WORK ORDER: Taking the line with "Example of the format, with" as the first and the line with "Answer in the order listed." as the last, set down exactly every line in that range from the entries below, and no more.

Dataset entries
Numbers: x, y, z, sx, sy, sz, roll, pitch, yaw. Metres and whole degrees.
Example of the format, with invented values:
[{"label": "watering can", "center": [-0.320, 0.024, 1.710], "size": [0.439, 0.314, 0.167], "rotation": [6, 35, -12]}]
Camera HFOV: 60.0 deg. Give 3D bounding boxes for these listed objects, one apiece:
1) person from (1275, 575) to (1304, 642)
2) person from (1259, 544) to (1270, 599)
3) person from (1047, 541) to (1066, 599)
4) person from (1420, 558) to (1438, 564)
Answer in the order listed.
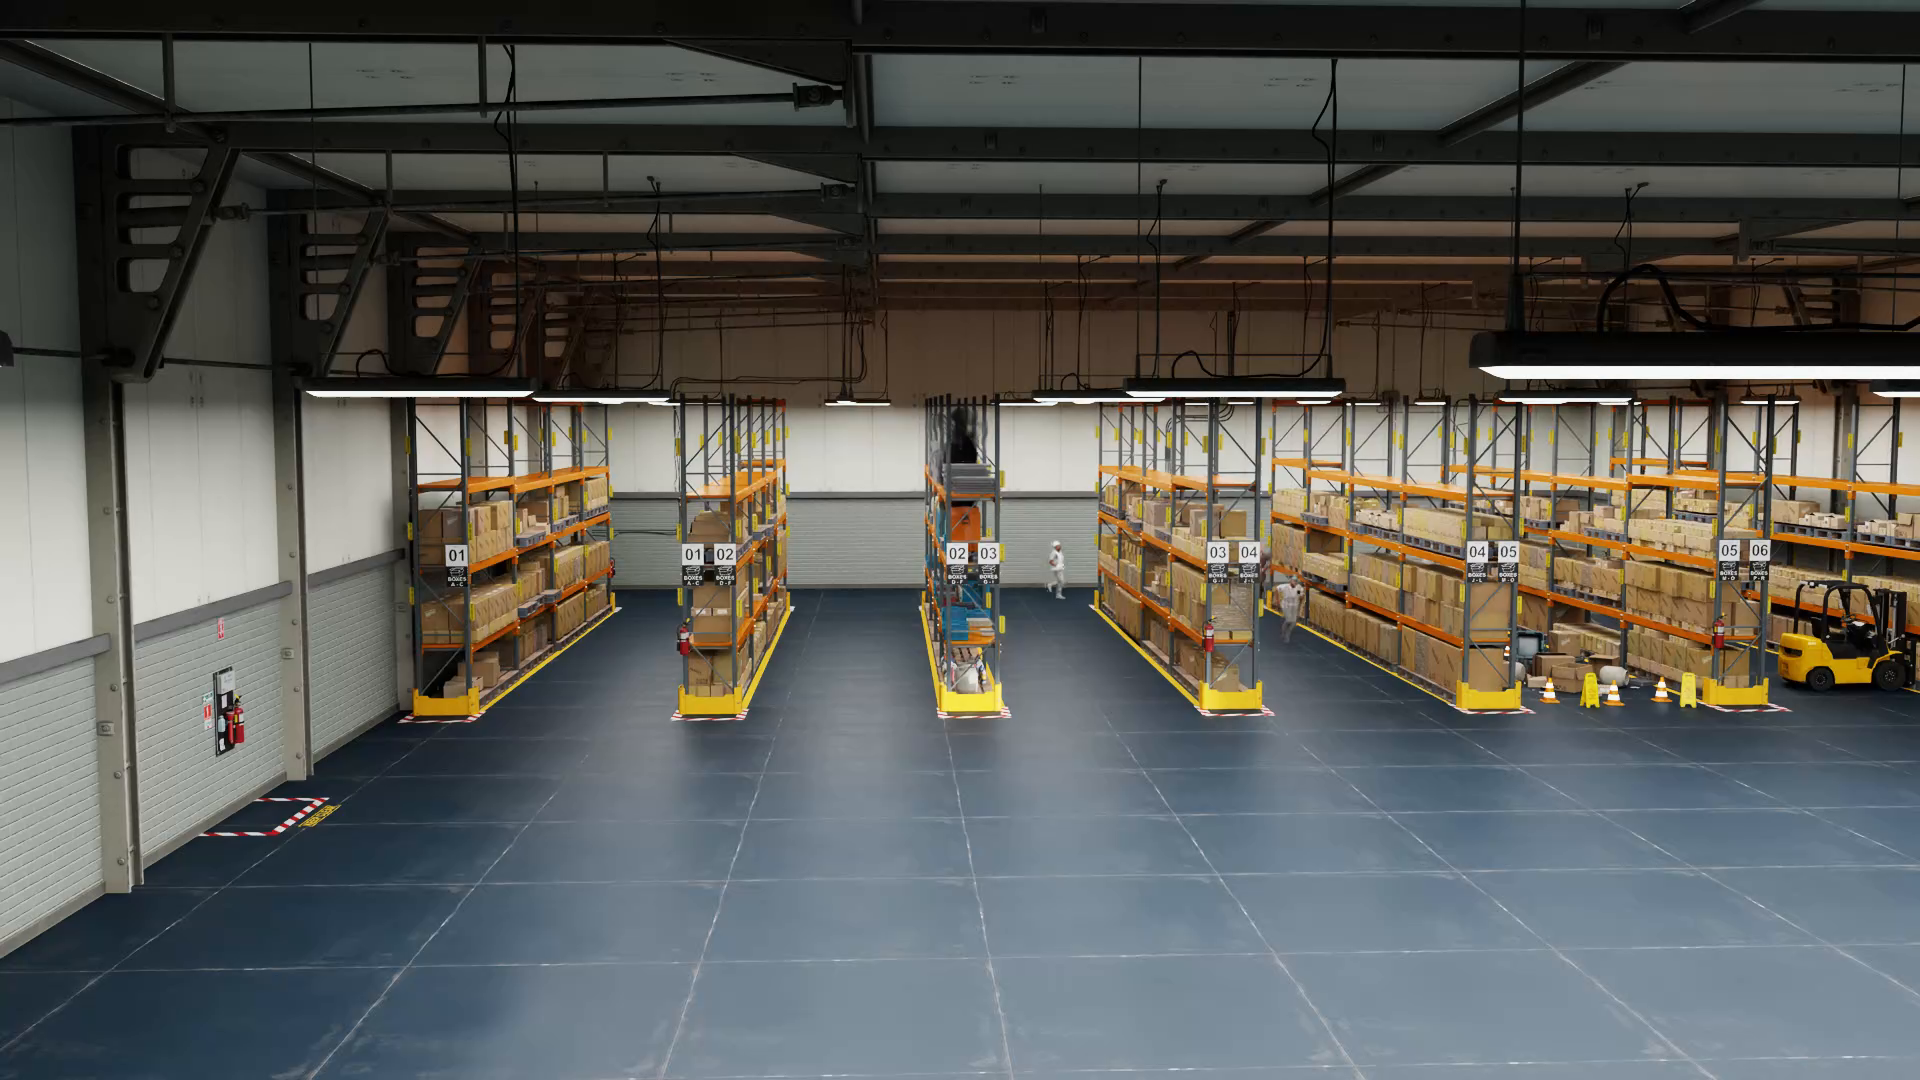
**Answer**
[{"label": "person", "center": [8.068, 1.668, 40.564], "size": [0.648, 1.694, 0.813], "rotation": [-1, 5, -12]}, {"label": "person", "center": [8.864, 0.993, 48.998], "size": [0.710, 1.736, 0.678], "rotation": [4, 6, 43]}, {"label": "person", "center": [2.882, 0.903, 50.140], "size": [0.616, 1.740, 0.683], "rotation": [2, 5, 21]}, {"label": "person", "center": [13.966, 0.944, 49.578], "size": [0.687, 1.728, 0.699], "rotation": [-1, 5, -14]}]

==

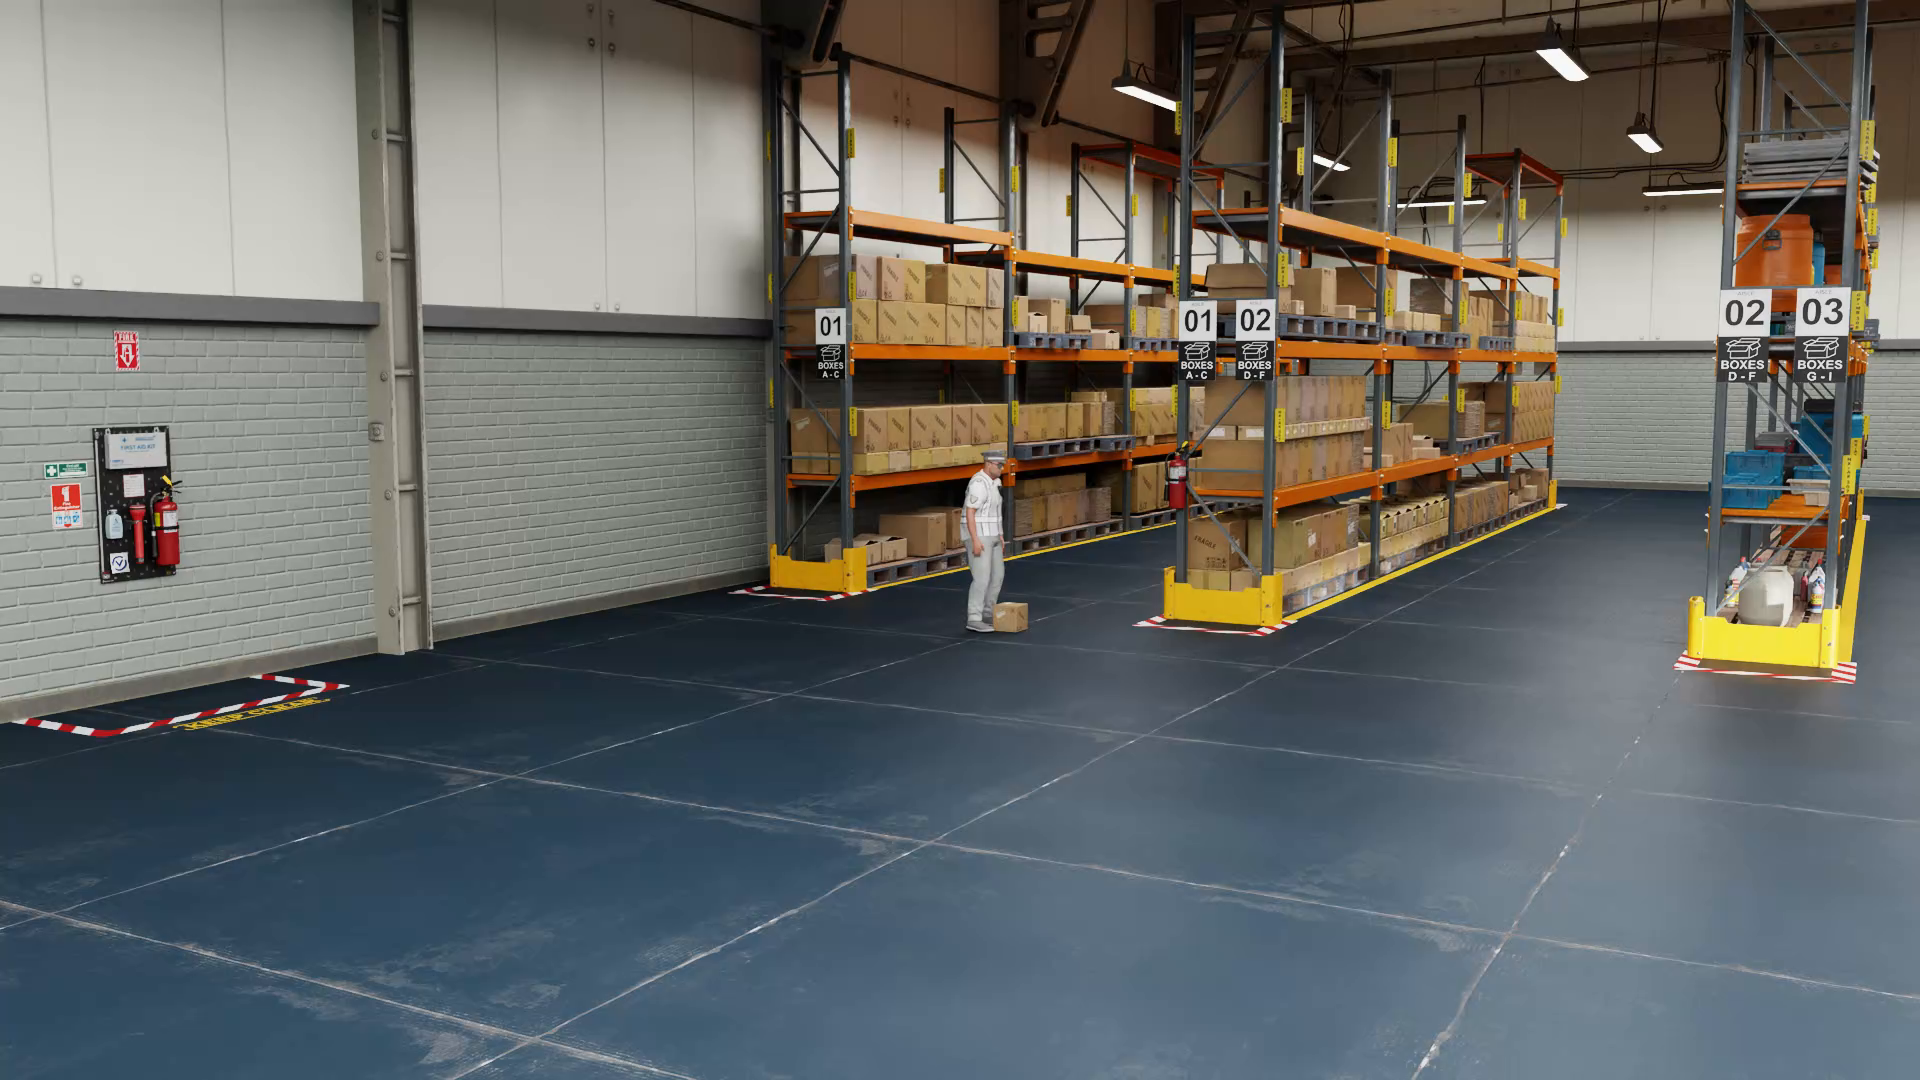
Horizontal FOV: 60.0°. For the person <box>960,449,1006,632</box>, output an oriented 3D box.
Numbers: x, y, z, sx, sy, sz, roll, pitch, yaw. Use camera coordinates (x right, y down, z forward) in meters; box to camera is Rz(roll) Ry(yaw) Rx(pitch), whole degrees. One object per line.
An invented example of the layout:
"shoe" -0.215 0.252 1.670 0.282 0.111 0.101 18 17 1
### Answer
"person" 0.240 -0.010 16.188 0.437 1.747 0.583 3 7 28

ANSWER FOR THE TASK:
Example of the format, with invented values:
[{"label": "watering can", "center": [-0.320, 0.024, 1.710], "size": [0.439, 0.314, 0.167], "rotation": [6, 35, -12]}]
Camera HFOV: 60.0 deg. Give 3D bounding boxes for these listed objects, one apiece:
1) person from (1275, 575) to (1304, 642)
2) person from (1259, 544) to (1270, 599)
3) person from (1047, 541) to (1066, 599)
4) person from (1420, 558) to (1438, 564)
Answer in the order listed.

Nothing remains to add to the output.